Moreover, as a general matter, tax statutes that confer a tax benefit such as a deduction or exemption are strictly construed.5 As several courts have noted, “taxation is the general rule… A taxpayer is not entitled to an exemption unless he shows that he comes within either the express words or the necessary implication of some statute conferring this privilege upon him.”6 This caution is implicated on these facts because G.L. c. 63, § 30.8 does not expressly or necessarily authorize a parent corporation to subtract the value of its investment (1) in an entity that is not a business corporation or (2) in a business corporation that the parent does not directly own.
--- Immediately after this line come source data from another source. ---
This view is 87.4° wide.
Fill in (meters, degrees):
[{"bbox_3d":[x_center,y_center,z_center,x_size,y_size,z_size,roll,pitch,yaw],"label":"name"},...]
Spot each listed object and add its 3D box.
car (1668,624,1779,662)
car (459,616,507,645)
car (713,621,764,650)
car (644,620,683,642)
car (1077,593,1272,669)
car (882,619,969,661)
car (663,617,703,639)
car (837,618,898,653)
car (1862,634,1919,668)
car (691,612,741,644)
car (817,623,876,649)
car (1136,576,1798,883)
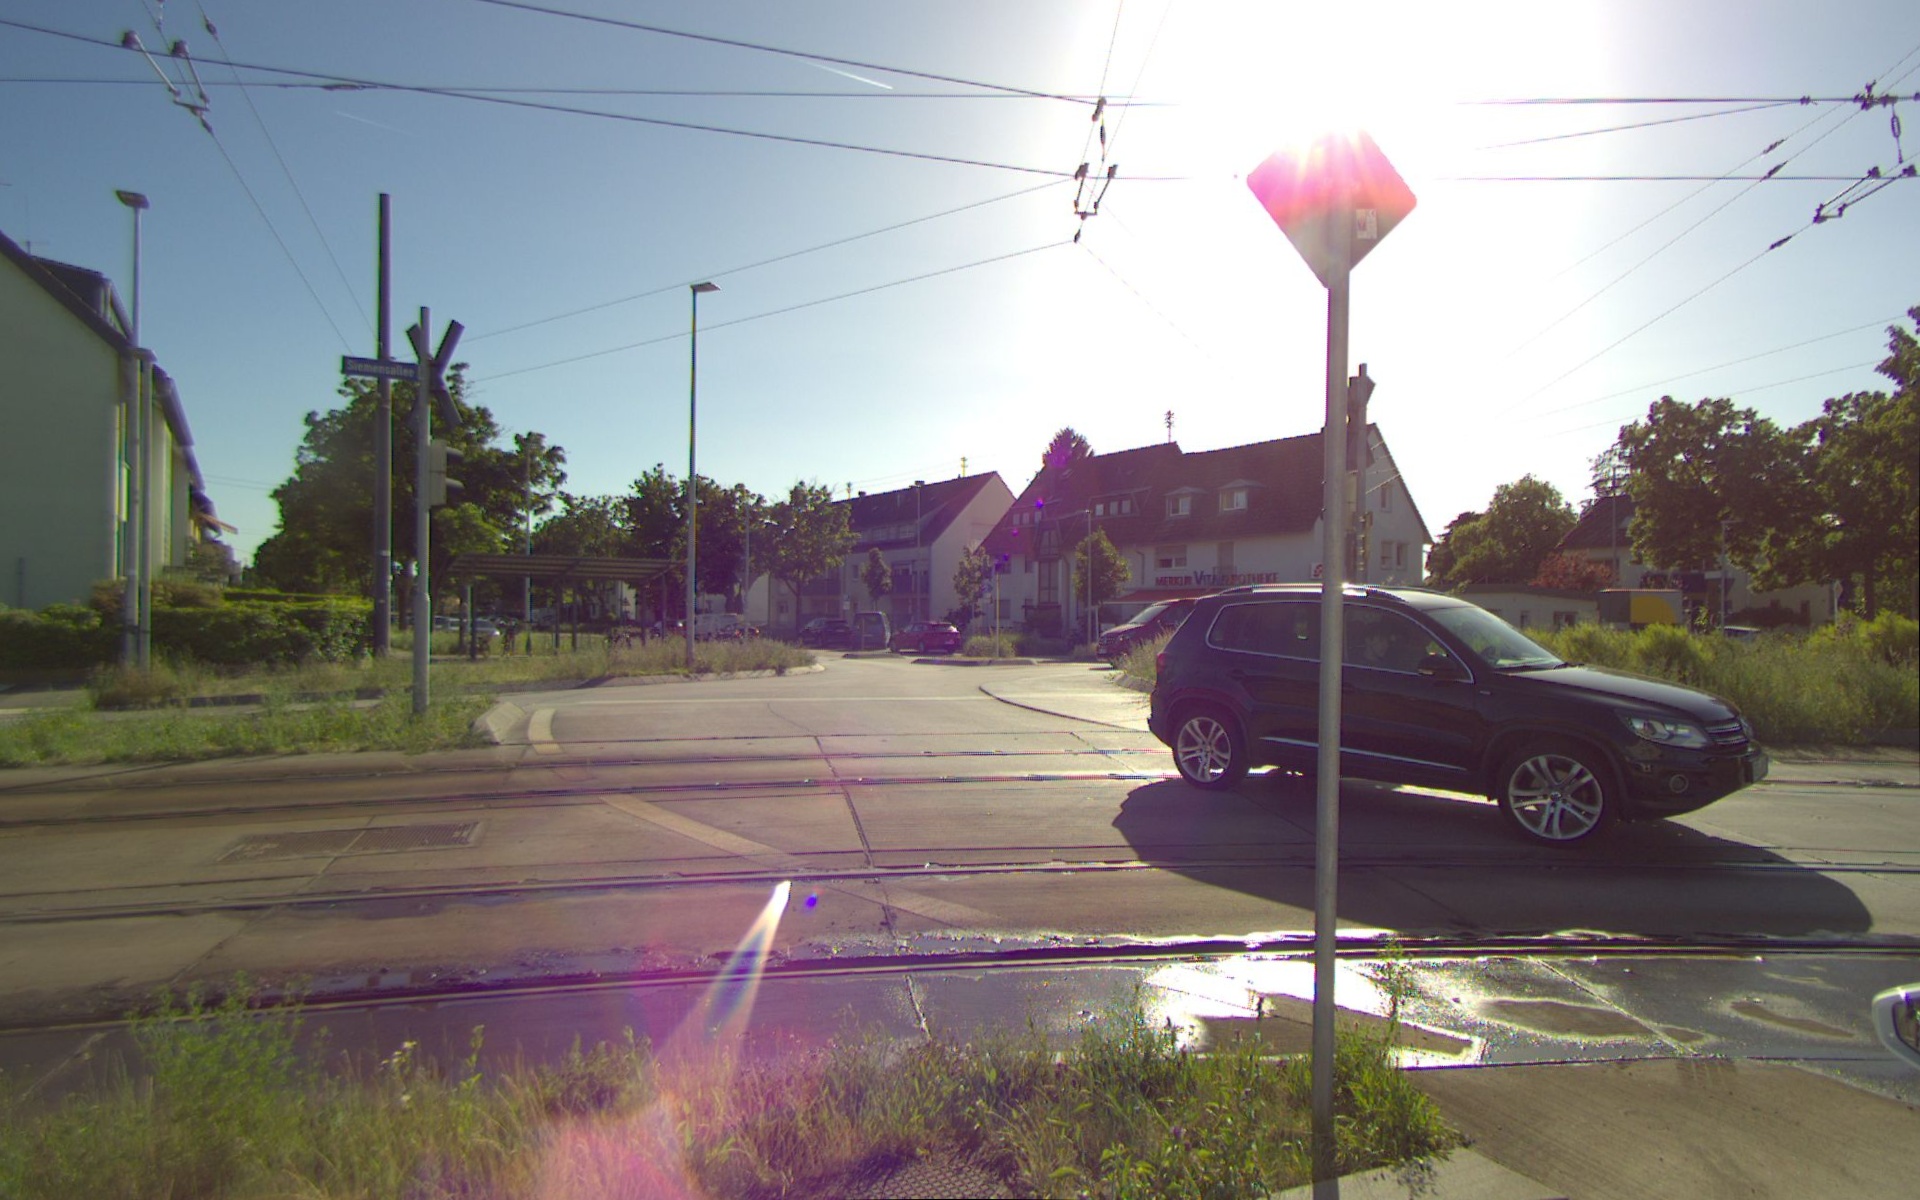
[{"bbox_3d":[38.729,2.176,51.047,1.974,1.717,4.023,1,0,-26],"label":"car"},{"bbox_3d":[-26.434,1.647,55.578,1.809,1.411,3.753,1,0,-35],"label":"car"},{"bbox_3d":[-14.250,2.248,64.522,1.903,1.637,4.247,1,0,-31],"label":"car"},{"bbox_3d":[-23.105,2.390,78.171,1.537,1.699,4.177,1,-1,-36],"label":"car"},{"bbox_3d":[6.159,0.857,28.963,5.149,2.008,1.995,-1,-1,-14],"label":"car"},{"bbox_3d":[-1.656,1.839,46.886,1.981,1.721,4.326,1,0,-36],"label":"car"},{"bbox_3d":[-20.590,2.068,74.605,1.531,1.613,4.035,1,-1,-36],"label":"car"},{"bbox_3d":[-4.695,1.799,51.145,3.019,1.641,1.409,2,0,-5],"label":"car"},{"bbox_3d":[44.534,2.379,47.670,3.765,1.484,1.787,1,0,-36],"label":"car"},{"bbox_3d":[-17.089,1.912,70.162,1.879,2.041,4.326,1,1,-36],"label":"car"},{"bbox_3d":[-6.252,1.955,55.143,3.107,1.315,1.380,2,0,-11],"label":"car"},{"bbox_3d":[3.580,0.722,7.737,1.803,1.693,4.206,0,0,-41],"label":"car"}]
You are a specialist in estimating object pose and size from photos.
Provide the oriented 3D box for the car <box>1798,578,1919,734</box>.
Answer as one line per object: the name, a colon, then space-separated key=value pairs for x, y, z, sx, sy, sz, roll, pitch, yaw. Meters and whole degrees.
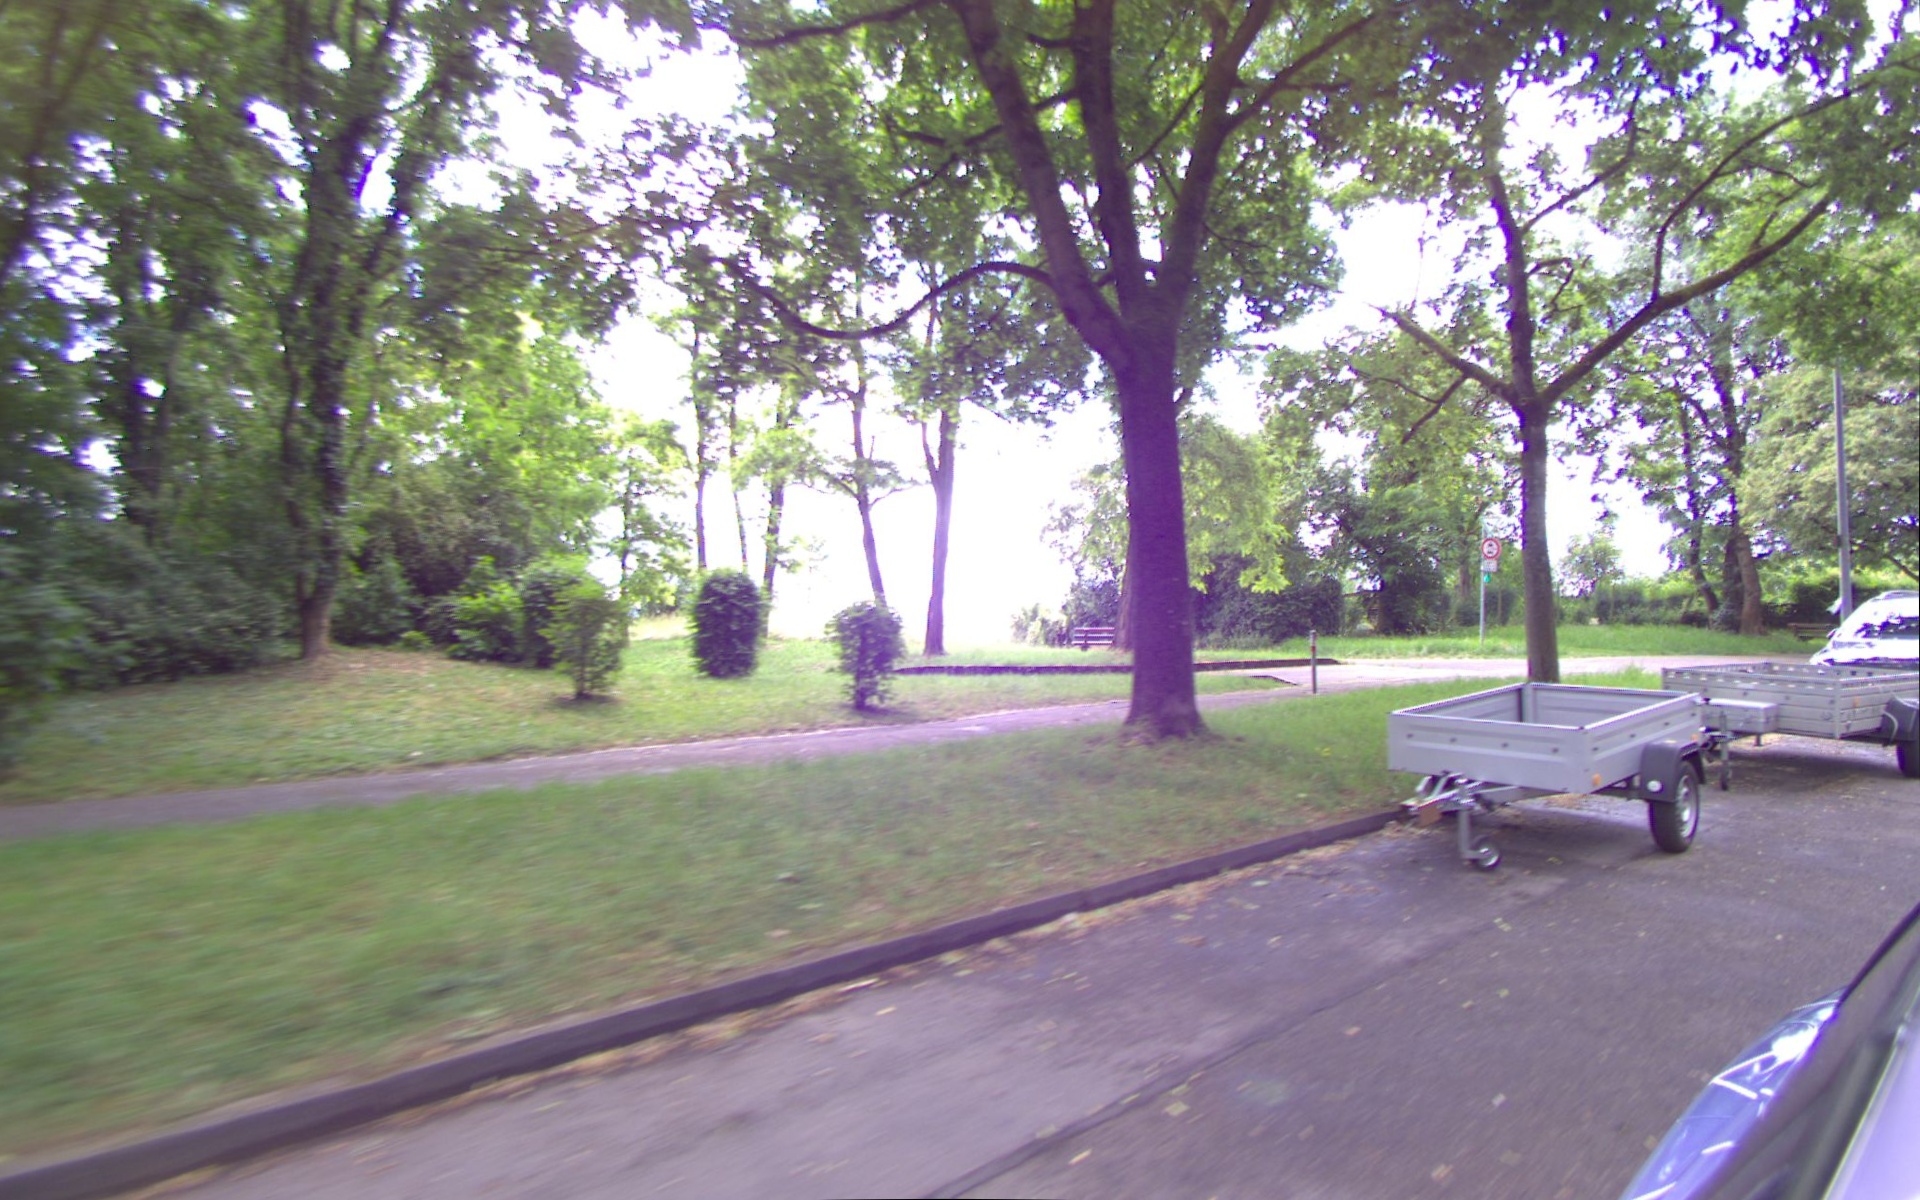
car: x=12.215 y=0.586 z=12.328 sx=4.747 sy=1.684 sz=1.781 roll=0 pitch=-1 yaw=-34

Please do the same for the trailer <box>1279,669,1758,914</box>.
trailer: x=3.490 y=0.975 z=6.137 sx=3.219 sy=0.858 sz=1.367 roll=-2 pitch=0 yaw=-38

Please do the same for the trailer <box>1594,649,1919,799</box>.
trailer: x=7.290 y=0.974 z=8.919 sx=3.816 sy=0.981 sz=1.362 roll=1 pitch=-2 yaw=-32
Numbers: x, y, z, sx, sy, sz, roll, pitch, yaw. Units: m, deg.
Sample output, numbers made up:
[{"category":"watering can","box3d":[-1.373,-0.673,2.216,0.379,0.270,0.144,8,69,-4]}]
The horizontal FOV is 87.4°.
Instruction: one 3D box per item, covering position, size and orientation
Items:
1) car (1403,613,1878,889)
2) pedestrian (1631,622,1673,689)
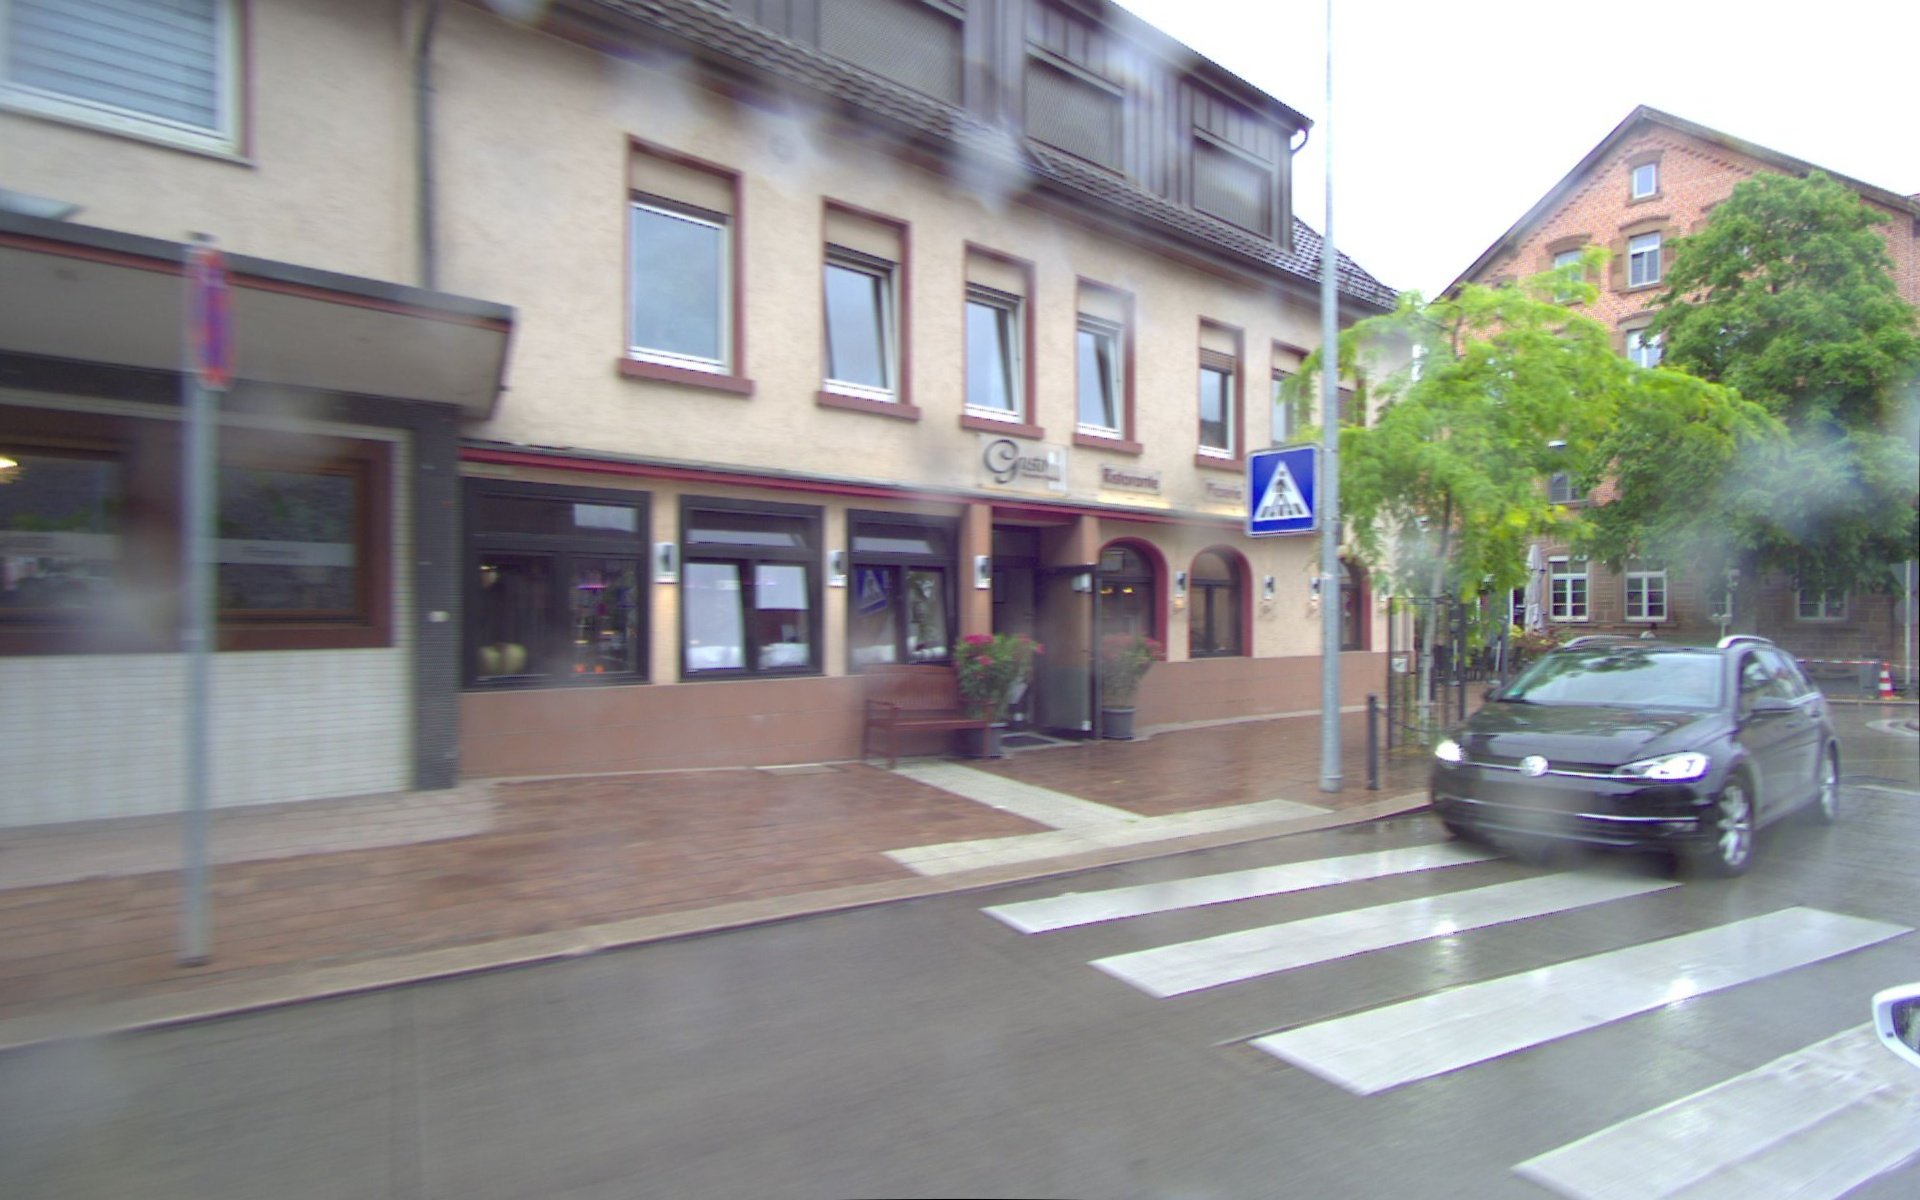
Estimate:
[{"category":"car","box3d":[5.354,0.891,7.668,4.429,1.528,1.772,1,-1,-38]},{"category":"pedestrian","box3d":[20.362,1.629,29.553,0.831,1.911,0.820,2,0,45]}]

Based on the analysis above, Parent may not subtract from the book value of its total assets the book value of its investments in either Sub 1 or in Sub 2 in calculating its net worth for purposes of the corporate excise.


Very truly yours,

/s/Christopher C. Harding

Christopher C. Harding
Commissioner of Revenue


CCH:RHF:db

LR 17-3

  1. Parent expects to have nexus in Massachusetts and begin filing corporate excise returns in the future. 
  2. See, e.g., Rev. Rul. 99-57, 1999-2 C.B. 678 (applying aggregate principles to hold that a corporate partner which contributed its own stock to a partnership that subsequently sold such stock does not recognize gain on the stock pursuant to IRC § 1032); Rev. Rul. 90-112, 1990-2 C.B. 186 (holding under the aggregate approach that a foreign corporate partner held real property owned by a partnership for the purposes of IRC § 956).  
  3. See, e.g., IRC §§ 267, 318.
  4. TIR 99-22 pertained to the effect of inter-company payments between a parent and subsidiary business corporation on the value of the parent’s investments in the subsidiary.
  5. See, e.g.Macy's East, Inc. v. Commissioner of Revenue, 441 Mass. 797, 804 (2004) (holding that surviving corporation could not deduct the pre-merger net operating losses of predecessor entities as the statute defining “net operating loss” did not plainly authorize the deduction in that circumstance). 
  6. See Animal Rescue League of Boston v. Assessors of Bourne, 310 Mass. 330, 332 (1941) (holding that the  exemption from real property taxation for real property owned by a charitable organization did not apply to real property held in trust by a charitable trustee); Milton Hospital & Convalescent Home v. Board of Assessors, 360 Mass. 63, 67 (1971) (relying on this general principle to hold that hospital wing leased as private offices for physicians did not fall within the scope of the real property taxation exemption for property owned by charitable organizations); South Boston Savings Bank v. Commissioner of Revenue, 418 Mass. 695, 698 (1994) (finding that a corporate taxpayer’s investments in “pass-through” and “participation” certifications fell within the plain and ordinary meaning of then G.L. c. 63, § 11 and therefore could be deducted when computing the former bank excise).